There was Vicky, teaching me to tie knots when we built a raft, a skill I took to Port Lockroy and used every day!

Kit helping me carry a barrel, his helpfulness never wavering the entire season.  

Heidi, who led a task during recruitment, encouraged a different and more logical way of thinking – a skill she took down south and revealed many Port Lockroy life hacks!

Lucy telling me that Port Lockroy is a special place and it will be hard to communicate that with people back home when you return. This I now completely understand.

The people you live and work with at Port Lockroy will stay with you forever so I want to take a moment to thank them all for being incredible and answering the many questions I had during our time there. But most of all for the moral support when crossing the Drake passage. Antarctica is a place of discovery and 2019/20 was when I discovered I suffered from severe sea sickness. Living by the sea my entire life and spending endless hours of past summers swimming who would have thought?! Returning home people ask “Were there any negatives?” and despite spending an entire day in bed on the Drake I don’t view this as one; it is all part of the experience.

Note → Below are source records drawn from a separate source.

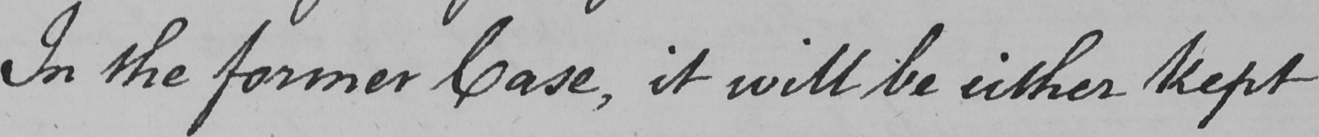Can you read and transcribe this handwriting? In the former Case , it will be either kept 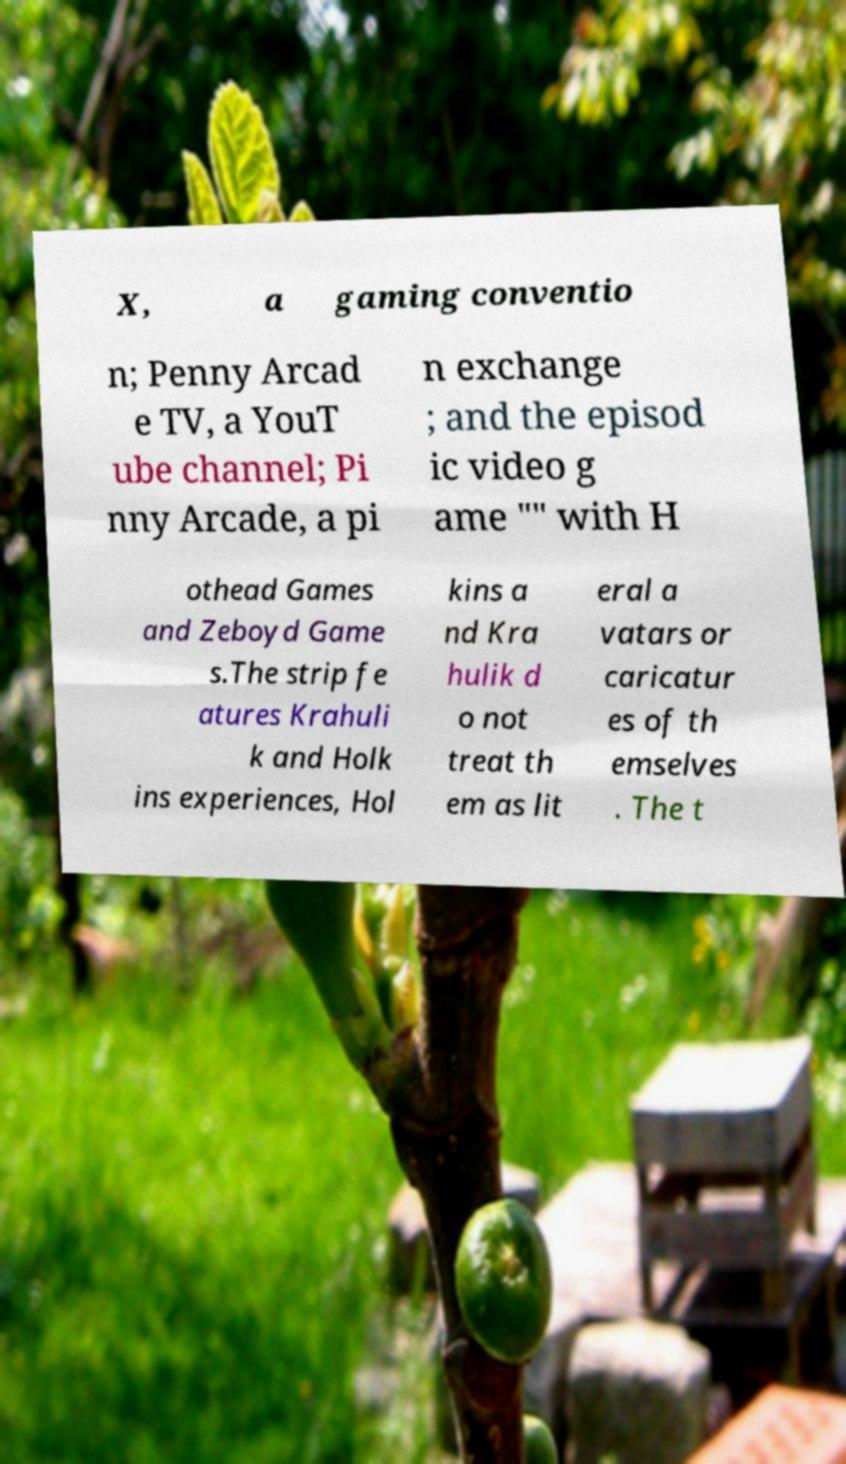Can you read and provide the text displayed in the image?This photo seems to have some interesting text. Can you extract and type it out for me? X, a gaming conventio n; Penny Arcad e TV, a YouT ube channel; Pi nny Arcade, a pi n exchange ; and the episod ic video g ame "" with H othead Games and Zeboyd Game s.The strip fe atures Krahuli k and Holk ins experiences, Hol kins a nd Kra hulik d o not treat th em as lit eral a vatars or caricatur es of th emselves . The t 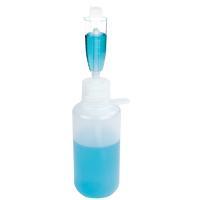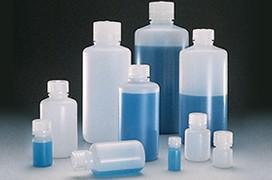The first image is the image on the left, the second image is the image on the right. Considering the images on both sides, is "The left image shows blue liquid in two containers, and the right image includes multiple capped bottles containing liquid." valid? Answer yes or no. Yes.

Antarctica provides so many unforgettable moments, from whales swimming by to the glaciers, and the first tiny head of a penguin chick. The experience of seeing the entire lifecycle of a Gentoo penguin is one of my favourite because you get to watch them daily and you witness a tiny egg survive and thrive to taking its first steps into the sea. I have definitely carried home with me an awareness of wildlife and find myself stopping to watch birds fly and secretly hoping to see a seal in the water where I run.

I learnt so much during my time in Port Lockroy from the history of the base to the behaviours of Gentoo penguins. It was an incredible experience that I think about every day and I hope one day to return.